---------- Data ----------

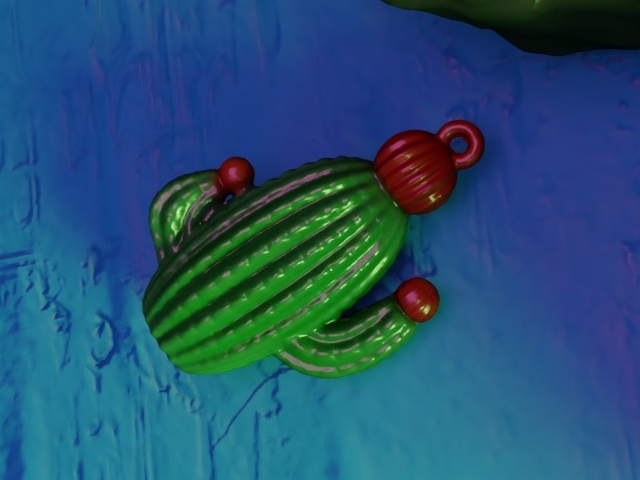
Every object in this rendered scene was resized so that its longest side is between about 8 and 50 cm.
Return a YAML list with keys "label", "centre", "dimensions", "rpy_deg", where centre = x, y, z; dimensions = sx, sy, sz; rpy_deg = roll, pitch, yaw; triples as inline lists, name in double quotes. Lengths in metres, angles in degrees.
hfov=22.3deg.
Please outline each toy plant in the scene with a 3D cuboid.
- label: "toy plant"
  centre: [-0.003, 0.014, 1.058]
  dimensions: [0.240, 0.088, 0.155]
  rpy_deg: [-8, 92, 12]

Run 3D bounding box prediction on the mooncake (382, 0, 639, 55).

----------

*Assigned task*: Pictures stay out. Write out everything else in the material exactly.

*Task solution*:
Every object in this rendered scene was resized so that its longest side is between about 8 and 50 cm.
Return a YAML list with keys "label", "centre", "dimensions", "rpy_deg", where centre = x, y, z; dimensions = sx, sy, sz; rpy_deg = roll, pitch, yaw; triples as inline lists, name in double quotes. Lengths in metres, angles in degrees.
hfov=22.3deg.
Please outline each toy plant in the scene with a 3D cuboid.
- label: "toy plant"
  centre: [-0.003, 0.014, 1.058]
  dimensions: [0.240, 0.088, 0.155]
  rpy_deg: [-8, 92, 12]

Run 3D bounding box prediction on the mooncake (382, 0, 639, 55).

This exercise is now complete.